Abdelhak Najib a publié en 2014 son premier roman dont le titre s’égale à une trouvaille géographique qui situe le roman dans un lieu de nulle part, à savoir les territoires appartenant exclusivement à Dieu. Ce choix est d’ores et déjà battu en brèche le long des 250 pages d’un roman dense et compact : Les Territoires de Dieu. La connotation religieuse et sacrée débouche in fine sur un discours on ne peut plus blasphématoire qui donne, soudainement, sur l’inanité et la vacuité, emblématisées conjointement par une fresque foisonnante des personnages archétypaux dont l’existence est à la fois éparse et tragiquement inéluctable. En effet, le tragique s’illustre par un procédé narratologique à même de traduire ce tohu-bohu énonciatif dans lequel baigne la trame, à savoir la polyphonie intensifiée jusqu’à l’ambiguïté. Tout comme le thème de la déperdition qui structure le récit, en filigrane, voire en douceur empoisonnée.

Néanmoins, le profil du narrateur-personnage reste polymorphe et subtilement insaisissable. C’est un roman à vocation picaresque, une initiation à l’envers, où le sacré se trouve carrément profané et le grossier côtoie le mystique. C’est, encore plus, une plaidoirie au profit des bannis, des exclus et des parias, érigés toutefois en saints et prophètes dans des territoires où Dieu est un grand nonchalant et absentéiste. Dieu, nous dirait le « je » narrateur et personnage, s’abstient d’intervenir dans la misère quotidienne des petites gens, comme s’il n’était nullement intéressé par ce territoire de no man’s land délaissé et délibérément écrasé par cette transcendance écrasante. Le néant est en effet cette entité récurrente qui se cache cyniquement derrière un malaise collectif sempiternel. Le héros de ces Territoires est placé sous le signe de l’errance et de la rébellion. Il est dévergondé, hirsute, sadique, amoral, mais paradoxalement épicurien, bon vivant et fidèle à son quotidien ingrat, versatile et fastidieux. Ce «je» immensément cultivé, féru de littérature et de philosophie, s’engage dès l’entrée de jeu à relater la vie de ces hommes qui ont peuplé les coins perdus de son passé, ces hommes et femmes qui ont bercé son enfance.

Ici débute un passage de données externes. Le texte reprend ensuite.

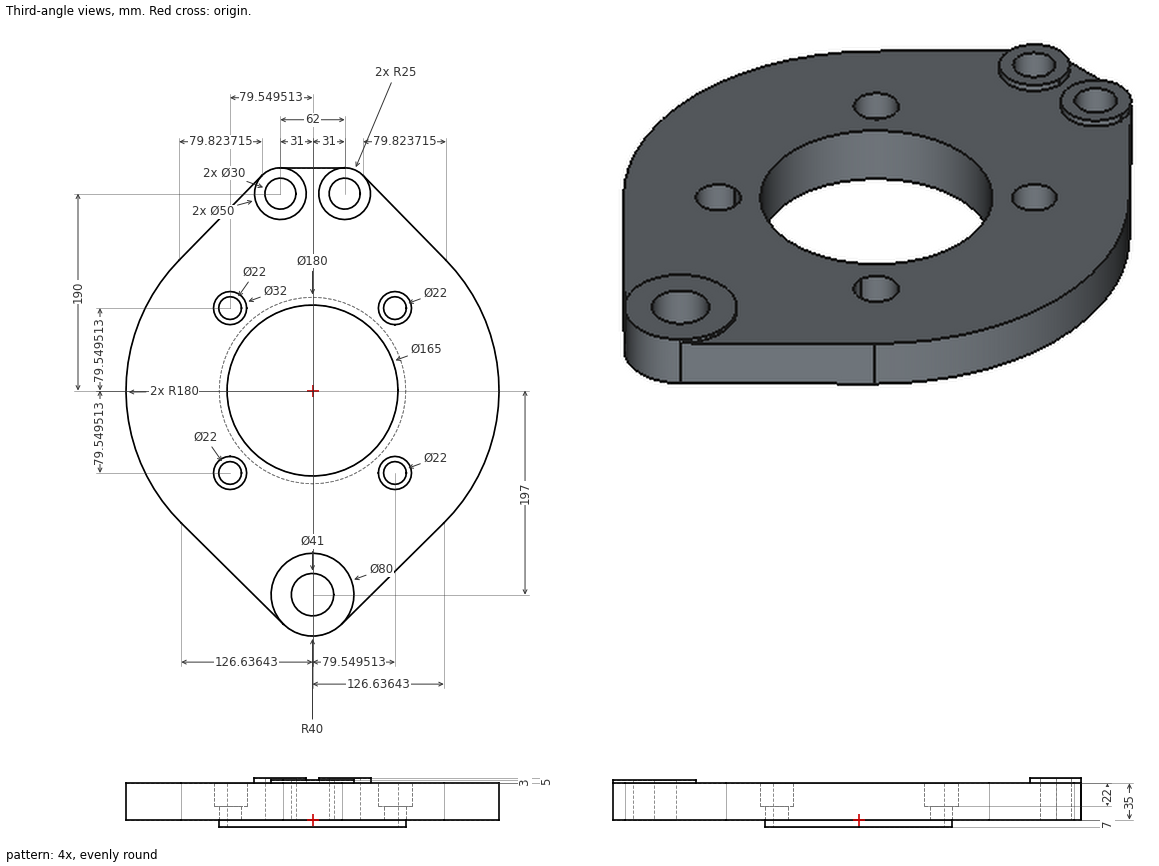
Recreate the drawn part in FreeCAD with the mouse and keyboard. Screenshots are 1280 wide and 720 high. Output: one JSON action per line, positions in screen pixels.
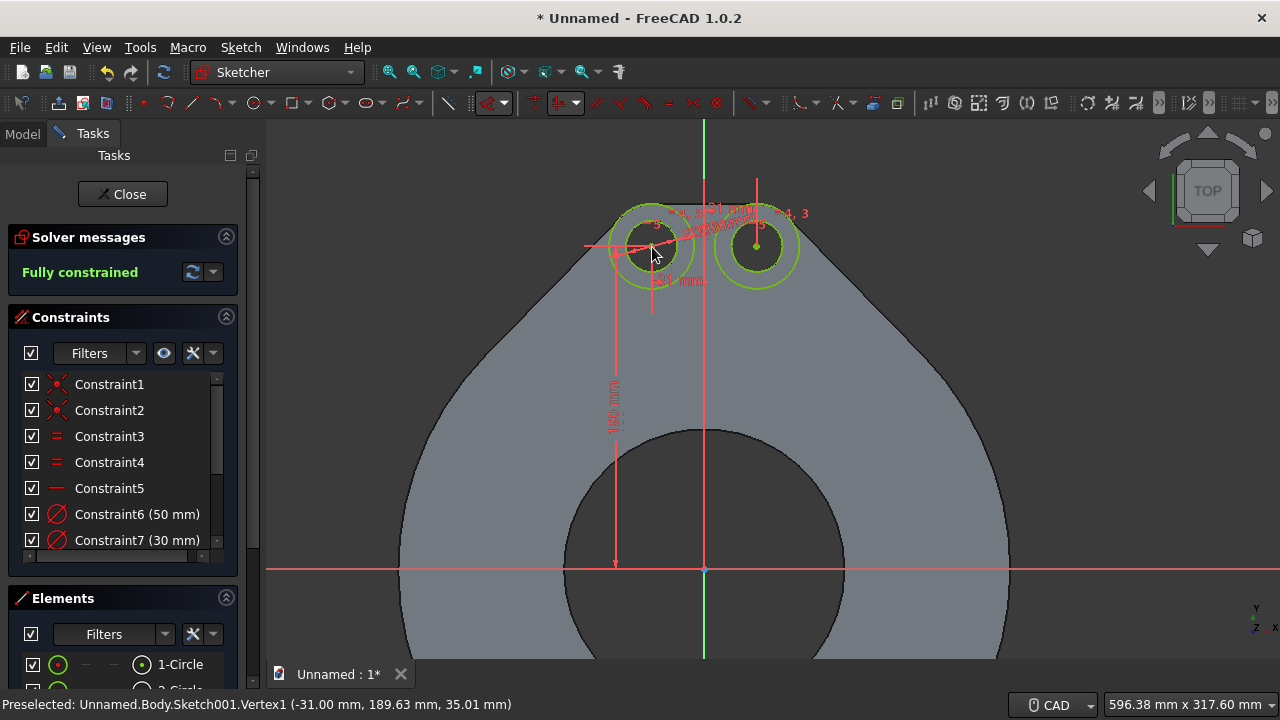
{"action": "left_click", "coordinate": [123, 194]}

L’acte d’écrire devient donc un hommage rendu généreusement à ces marginaux de l’Histoire qui acquièrent toutefois une grandeur inestimable vouée à l’oubli à cause du rejet que leur promet une société fondée sur le mensonge, l’hypocrisie, l’arnaque, l’incompétence et l’exploitation. Ce roman donne la parole à des personnages qui transcendent les attentes lectorales dans la mesure où l’on n’est guère habitué à un banni qui se place sur le devant de la scène pour se faire passer pour un porte-parole de la communauté des antihéros. Certes, la littérature mondiale a connu de tels déplacements étonnants et imprévisibles, comme dans Le Tambour de Günter Grass, Homme Invisible de Ralph Ellison ou encore Voyage au bout de la nuit de Céline, mais il n’en demeure pas moins que Abdelhak Najib revisite, à sa manière, ces poncifs donquichottesques qui se servent d’un regard en contre-plongée vis-à-vis des autres et surtout par rapport à la doxa. D’ailleurs, les épigraphes qui ouvrent les différents chapitres des Territoires de Dieu témoignent de la réhabilitation de ces classes maudites, voire jetées dans les oubliettes de l’Histoire collective (Sade, Rimbaud…). L’incipit du roman lui-même est entamé sciemment par un discours pointilleux sur les ruines et sur la dépravation.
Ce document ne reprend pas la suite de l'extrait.